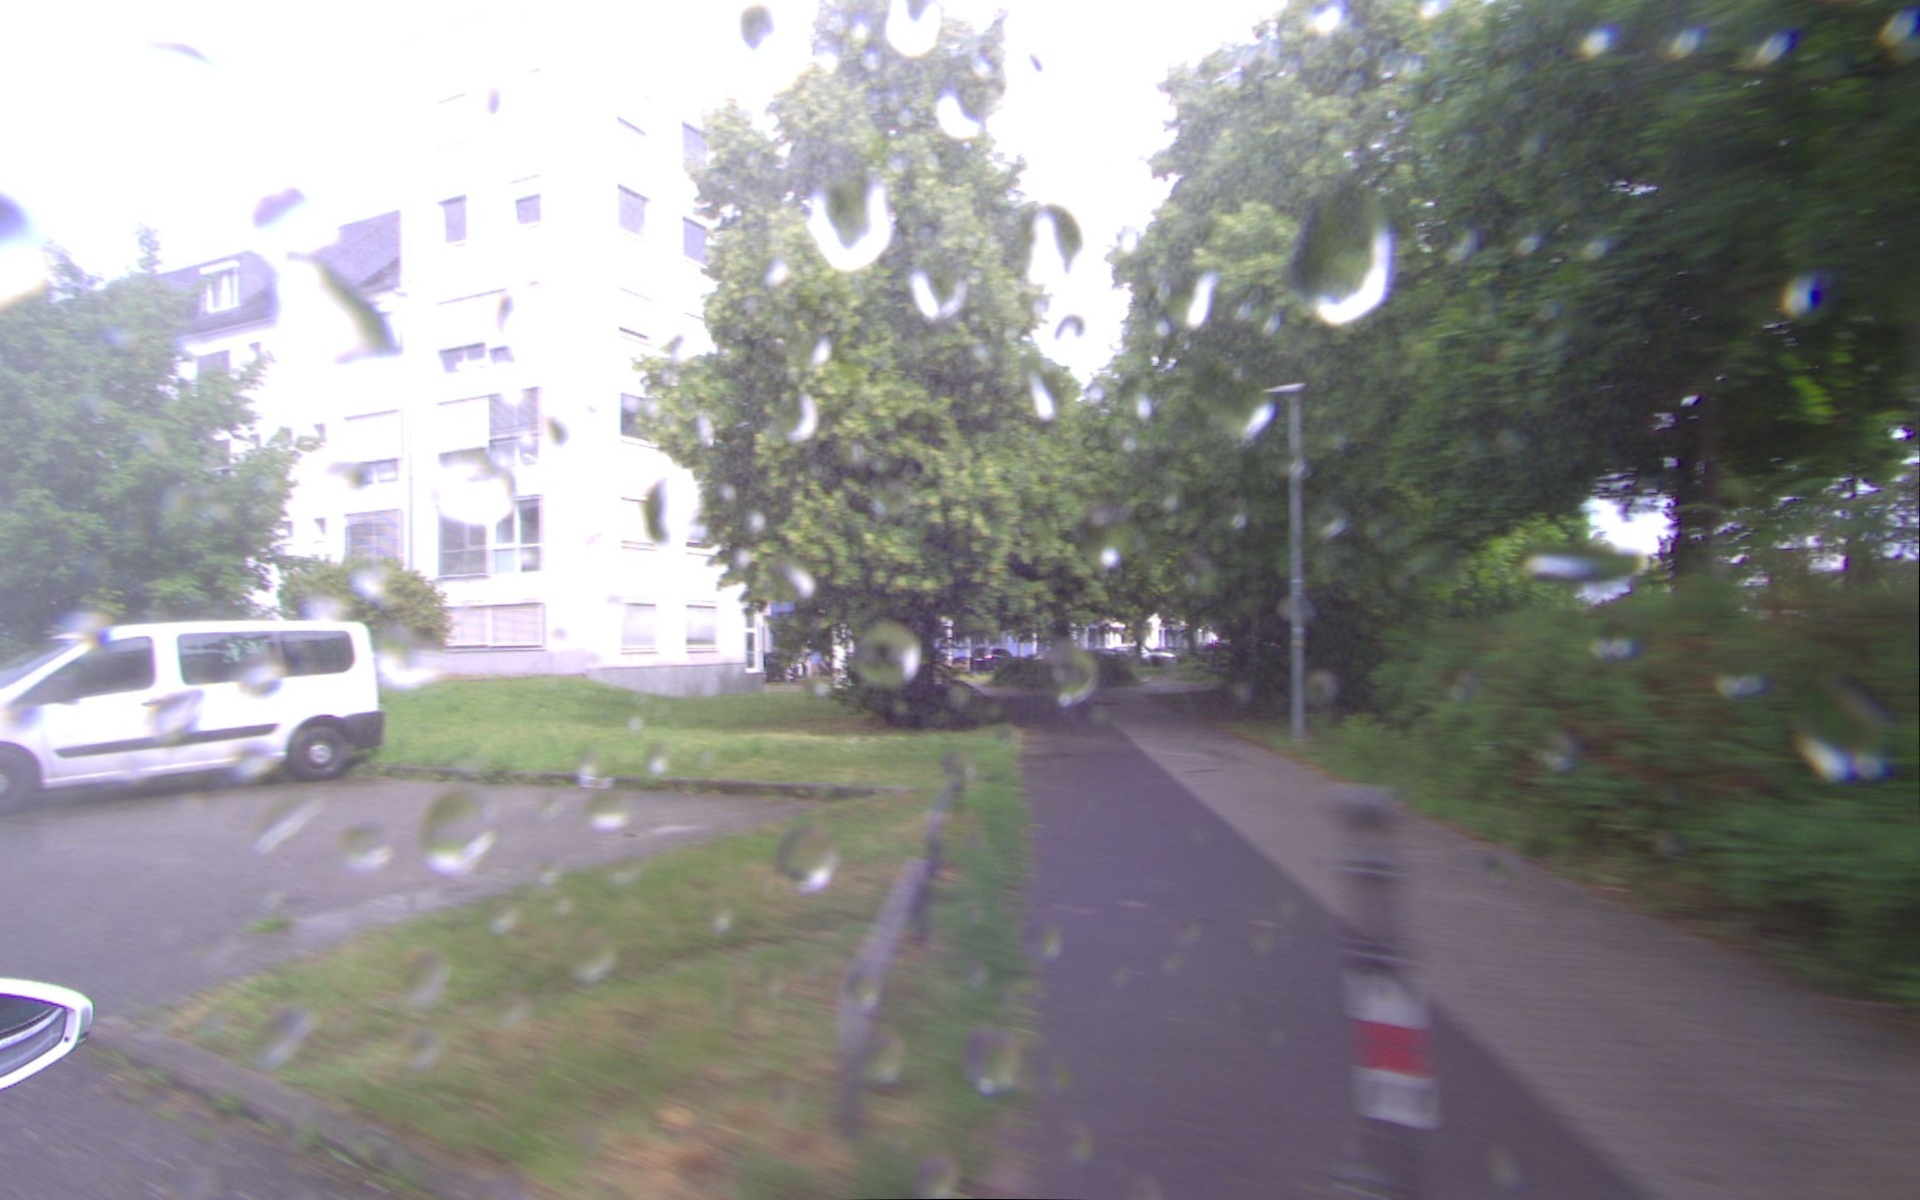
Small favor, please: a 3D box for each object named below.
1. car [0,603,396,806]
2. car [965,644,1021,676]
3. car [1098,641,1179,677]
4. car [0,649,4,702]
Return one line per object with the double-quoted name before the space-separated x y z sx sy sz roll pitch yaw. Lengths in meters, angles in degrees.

☆ ☆ ☆

Work request: Word for word, give the listing above again, but drop any pictures.

Expected answer:
Small favor, please: a 3D box for each object named below.
1. car [0,603,396,806]
2. car [965,644,1021,676]
3. car [1098,641,1179,677]
4. car [0,649,4,702]
Return one line per object with the double-quoted name before the space-separated x y z sx sy sz roll pitch yaw. Lengths in meters, angles in degrees.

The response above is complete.